Funny I don’t remember having these feelings with Sunshine. :S
I’ll give you an example;
This morning when I was up making milk for Sunshine, my mobile rang. I was rather irritated as it was only 9am and I seldom get calls so early in the morning although I was already up. But I’m generally not a morning person.
It was from one of the midwives/ diabetic dietitians from the hospital.
Generally, I dislike people who exaggerate and/or lie. And of course, with this pregnancy hormone thingy, I tend to be more on the edge with these sort of people. I would usually live and let live but make a mental note to be careful of such people. But this morning…………….
Midwife: Hi good morning, I am XXX from the diabetes clinic in YYY hospital. Can I speak to Jolene please?
Me: Yes this is me.
Midwife: Oh, good. Are you free to talk now?

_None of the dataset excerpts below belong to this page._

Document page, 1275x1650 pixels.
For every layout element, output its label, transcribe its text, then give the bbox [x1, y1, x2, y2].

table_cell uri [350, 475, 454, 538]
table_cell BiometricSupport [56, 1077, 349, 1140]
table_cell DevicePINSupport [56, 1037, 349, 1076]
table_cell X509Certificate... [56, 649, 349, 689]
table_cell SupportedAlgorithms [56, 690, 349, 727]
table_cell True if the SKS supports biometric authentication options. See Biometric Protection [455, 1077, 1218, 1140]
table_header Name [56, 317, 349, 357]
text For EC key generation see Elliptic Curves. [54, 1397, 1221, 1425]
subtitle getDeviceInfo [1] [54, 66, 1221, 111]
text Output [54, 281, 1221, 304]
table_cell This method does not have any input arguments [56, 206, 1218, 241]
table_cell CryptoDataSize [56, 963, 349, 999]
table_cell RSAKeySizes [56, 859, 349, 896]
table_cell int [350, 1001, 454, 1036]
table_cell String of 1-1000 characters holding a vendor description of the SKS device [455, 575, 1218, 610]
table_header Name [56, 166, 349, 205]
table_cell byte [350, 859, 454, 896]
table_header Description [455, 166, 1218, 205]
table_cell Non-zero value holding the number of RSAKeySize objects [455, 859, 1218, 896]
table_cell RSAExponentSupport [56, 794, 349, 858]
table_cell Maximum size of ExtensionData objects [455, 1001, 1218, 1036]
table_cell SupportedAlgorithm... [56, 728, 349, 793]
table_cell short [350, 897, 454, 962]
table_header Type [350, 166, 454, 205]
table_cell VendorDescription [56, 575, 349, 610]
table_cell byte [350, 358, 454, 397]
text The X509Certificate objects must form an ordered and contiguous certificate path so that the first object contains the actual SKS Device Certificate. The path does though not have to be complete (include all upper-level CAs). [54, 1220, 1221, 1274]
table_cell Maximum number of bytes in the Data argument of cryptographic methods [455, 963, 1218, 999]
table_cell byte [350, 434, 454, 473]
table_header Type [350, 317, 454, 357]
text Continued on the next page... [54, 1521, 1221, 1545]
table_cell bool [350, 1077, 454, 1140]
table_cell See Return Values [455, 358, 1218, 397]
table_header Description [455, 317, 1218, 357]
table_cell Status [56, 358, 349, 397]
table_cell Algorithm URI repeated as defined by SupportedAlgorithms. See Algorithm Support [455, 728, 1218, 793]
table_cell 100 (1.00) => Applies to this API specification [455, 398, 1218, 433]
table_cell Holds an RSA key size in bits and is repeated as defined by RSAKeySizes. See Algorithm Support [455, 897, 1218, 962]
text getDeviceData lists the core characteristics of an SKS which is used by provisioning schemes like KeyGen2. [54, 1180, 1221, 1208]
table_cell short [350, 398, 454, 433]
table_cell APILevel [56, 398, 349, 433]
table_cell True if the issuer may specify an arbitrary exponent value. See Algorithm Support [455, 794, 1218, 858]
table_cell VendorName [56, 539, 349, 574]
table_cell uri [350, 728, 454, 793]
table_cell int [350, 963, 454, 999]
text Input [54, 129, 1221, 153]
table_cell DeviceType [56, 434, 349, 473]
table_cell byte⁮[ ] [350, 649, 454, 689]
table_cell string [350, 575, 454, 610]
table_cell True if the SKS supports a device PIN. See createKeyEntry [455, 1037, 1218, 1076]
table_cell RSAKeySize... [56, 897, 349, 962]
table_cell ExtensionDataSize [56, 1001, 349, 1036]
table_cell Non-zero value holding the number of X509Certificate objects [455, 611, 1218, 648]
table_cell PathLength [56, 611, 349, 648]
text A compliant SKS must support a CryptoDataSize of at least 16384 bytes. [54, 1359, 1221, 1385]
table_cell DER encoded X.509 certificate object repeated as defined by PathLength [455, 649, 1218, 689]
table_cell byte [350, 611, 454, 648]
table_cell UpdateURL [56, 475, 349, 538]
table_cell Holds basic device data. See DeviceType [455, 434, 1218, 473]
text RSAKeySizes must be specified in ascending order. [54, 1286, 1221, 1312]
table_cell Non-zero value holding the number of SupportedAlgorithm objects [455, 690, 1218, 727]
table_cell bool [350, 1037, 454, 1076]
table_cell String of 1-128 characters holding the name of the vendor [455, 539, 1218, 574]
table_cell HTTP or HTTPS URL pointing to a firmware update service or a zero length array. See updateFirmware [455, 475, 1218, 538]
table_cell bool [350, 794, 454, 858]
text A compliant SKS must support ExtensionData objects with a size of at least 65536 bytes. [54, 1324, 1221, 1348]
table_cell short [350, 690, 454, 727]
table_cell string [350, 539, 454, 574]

Me: (Irritated as I lost count of how many scoops of formula I’ve added into the milk bottle) Yes I am.
Midwife: Oh, I tried to call SO MANY TIMES yesterday and left QUITE A FEW messages on your mobile and your house phone.
Me: (A little sarcastically) Oh, that’s weird because my house phone doesn’t record messages.
Midwife: (Awkward pause) Oh, your mobile then.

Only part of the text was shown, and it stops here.